South Carolina Sen. Lindsey Graham, for now the latest Republican to enter the presidential race, appeared on CNN's The Lead with Jake Tapper to talk about a person under surveillance for terrorism being shot and killed during a confrontation with a Boston police officer and an FBI agent, and the passage of the USA Freedom Act, and how the "lone wolf" provision (which has never been used) is nevertheless necessary because of incidents like the one in Boston.
At the end of the segment, Tapper asked why, if foreign policy and terrorism were such important issues to Graham, he'd vote for Sen. Rand Paul (R-Ky.) over Hillary Clinton, who Tapper called "rather hawkish" for a Democrat, and noted was far more closely aligned to Graham on those issues.
Well I would vote for the nominee of my party because they've been able to prove fellow Republicans that their view of the world was right. That's not a dilemma I'm going to face. But Rand Paul and I actually agree on a lot of domestic issues, like saving Social Security and Medicare, but on foreign policy we're worlds apart. If he did get the nomination, I think she would be able to tear him apart because his view of foreign policy is one step behind leading from behind, and at the end of the day the average American sees radical Islam as a threat much greater than the NSA.
Graham is more cordial to Paul than Rep. Peter King (R-NY), who identified Rand Paul and NSA whistleblower Edward Snowden as on the same side as ISIS when it came to the expiration of a couple of provisions of the PATRIOT Act.
Rand Paul, of course, to the dismay of some anti-war libertarians who'd like him to be more like his anti-war libertarian father, Ron Paul, has acknowledged the threat of radical Islam, and the also the role of U.S. counter-terrorism and foreign policies that have contributed to an environment in which its adherents thrive.
And while Clinton leads all potential Republican nominees she is polled against, Paul comes closest, less than three points behind on average. Nearly a year and a half out from the election, there's probably still a considerable name recognition gap between Clinton and any Republican save for Jeb Bush, who polls an average of five points behind. And one recent poll showed Paul with an eight point lead over Clinton among independents.

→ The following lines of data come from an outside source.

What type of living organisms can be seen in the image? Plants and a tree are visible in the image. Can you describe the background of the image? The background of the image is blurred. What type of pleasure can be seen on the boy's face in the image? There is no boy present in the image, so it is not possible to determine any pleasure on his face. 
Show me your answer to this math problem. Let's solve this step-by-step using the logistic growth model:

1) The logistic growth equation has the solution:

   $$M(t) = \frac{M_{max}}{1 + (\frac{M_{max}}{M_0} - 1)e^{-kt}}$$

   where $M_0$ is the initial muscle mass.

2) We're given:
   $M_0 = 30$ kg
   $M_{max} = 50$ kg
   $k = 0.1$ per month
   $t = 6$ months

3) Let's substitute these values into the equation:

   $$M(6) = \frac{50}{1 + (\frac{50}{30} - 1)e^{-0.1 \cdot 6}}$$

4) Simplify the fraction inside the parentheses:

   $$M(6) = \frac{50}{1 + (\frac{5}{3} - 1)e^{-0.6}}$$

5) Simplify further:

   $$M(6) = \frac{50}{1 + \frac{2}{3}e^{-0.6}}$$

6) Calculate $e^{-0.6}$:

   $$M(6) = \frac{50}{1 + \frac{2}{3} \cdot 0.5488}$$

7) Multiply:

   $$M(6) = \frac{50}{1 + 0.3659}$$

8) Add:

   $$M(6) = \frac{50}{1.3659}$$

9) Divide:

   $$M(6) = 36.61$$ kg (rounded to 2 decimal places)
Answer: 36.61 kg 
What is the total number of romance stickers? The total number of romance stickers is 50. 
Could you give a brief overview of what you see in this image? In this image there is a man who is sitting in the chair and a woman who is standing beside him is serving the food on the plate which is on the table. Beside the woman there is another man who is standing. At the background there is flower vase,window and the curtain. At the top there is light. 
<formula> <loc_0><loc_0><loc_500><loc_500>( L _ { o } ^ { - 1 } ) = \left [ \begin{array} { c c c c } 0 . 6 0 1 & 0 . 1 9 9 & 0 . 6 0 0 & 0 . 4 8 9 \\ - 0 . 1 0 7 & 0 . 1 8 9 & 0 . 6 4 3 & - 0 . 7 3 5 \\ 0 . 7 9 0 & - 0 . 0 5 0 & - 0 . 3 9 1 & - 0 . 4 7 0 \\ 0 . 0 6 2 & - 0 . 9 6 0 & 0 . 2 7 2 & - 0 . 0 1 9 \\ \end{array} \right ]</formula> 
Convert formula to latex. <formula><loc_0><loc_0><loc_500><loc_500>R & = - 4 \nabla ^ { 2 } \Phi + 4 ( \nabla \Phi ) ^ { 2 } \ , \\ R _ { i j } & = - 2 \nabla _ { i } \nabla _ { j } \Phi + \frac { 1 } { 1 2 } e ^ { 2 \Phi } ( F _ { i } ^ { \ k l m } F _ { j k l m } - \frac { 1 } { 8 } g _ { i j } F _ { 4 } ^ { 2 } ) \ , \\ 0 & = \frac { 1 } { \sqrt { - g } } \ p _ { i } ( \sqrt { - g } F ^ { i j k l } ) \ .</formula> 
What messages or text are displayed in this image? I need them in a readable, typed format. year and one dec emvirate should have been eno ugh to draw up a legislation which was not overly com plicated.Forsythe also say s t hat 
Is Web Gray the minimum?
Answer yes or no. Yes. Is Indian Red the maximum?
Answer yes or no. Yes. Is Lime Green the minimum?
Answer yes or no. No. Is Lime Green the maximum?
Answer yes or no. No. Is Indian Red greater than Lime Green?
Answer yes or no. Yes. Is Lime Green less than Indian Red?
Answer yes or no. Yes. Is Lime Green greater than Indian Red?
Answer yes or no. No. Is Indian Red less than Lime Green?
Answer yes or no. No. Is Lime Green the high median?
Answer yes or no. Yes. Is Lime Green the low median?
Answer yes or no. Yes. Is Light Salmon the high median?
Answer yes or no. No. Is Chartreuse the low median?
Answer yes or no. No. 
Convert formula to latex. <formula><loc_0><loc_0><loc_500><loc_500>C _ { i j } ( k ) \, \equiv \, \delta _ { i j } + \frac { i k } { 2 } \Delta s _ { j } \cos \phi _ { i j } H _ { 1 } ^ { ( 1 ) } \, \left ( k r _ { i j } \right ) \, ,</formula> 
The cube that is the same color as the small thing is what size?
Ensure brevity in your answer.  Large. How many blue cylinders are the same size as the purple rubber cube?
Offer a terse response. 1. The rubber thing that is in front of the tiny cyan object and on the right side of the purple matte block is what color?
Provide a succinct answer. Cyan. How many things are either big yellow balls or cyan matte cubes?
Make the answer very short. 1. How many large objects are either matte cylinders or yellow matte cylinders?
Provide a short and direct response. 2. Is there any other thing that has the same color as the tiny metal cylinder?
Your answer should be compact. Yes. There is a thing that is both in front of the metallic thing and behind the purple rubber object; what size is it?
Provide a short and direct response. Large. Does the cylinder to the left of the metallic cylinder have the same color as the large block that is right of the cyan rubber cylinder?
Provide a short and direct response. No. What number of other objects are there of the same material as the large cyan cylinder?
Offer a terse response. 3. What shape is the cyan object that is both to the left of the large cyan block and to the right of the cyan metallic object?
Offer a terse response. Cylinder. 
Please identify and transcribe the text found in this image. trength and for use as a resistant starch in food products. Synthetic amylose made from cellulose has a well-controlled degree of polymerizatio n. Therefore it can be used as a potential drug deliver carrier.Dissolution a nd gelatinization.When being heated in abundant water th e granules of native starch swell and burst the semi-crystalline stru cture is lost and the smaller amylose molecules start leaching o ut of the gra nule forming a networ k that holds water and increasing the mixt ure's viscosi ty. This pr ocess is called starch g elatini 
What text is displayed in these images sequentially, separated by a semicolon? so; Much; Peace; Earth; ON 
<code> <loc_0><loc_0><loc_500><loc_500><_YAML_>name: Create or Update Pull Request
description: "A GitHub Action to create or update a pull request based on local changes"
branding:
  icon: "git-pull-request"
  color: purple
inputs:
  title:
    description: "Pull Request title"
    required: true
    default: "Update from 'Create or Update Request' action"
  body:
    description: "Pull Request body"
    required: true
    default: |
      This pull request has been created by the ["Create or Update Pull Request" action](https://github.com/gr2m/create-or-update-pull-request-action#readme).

Tapper also asked Graham about the argument that things like smoking and heart disease kill far more people than terrorism. "Heart disease and smoking is something you can change if you choose to," Graham said, while ISIS (the Islamic State in Iraq and Syria) "is not going to change unless somebody makes them." He called the group, and other terrorist groups, which he said controlled more land, weapons, and men then ever before "religious Nazis" that could not be "accommodated, appeased, or compromised with." Unlike Paul, Graham ignores the role of U.S. interventionism in making room for groups like ISIS. Graham also ignored the point of the smoking comparison—that it kills far, far more Americans than terrorism, and that many other things, preventable and otherwise, also do. "The threats from smoking are real, at the end of the day you have a chance to stop smoking," said Graham. "The only way you're gonna stop ISIL is for somebody to go over there in partnership with people in the region and kill these guys."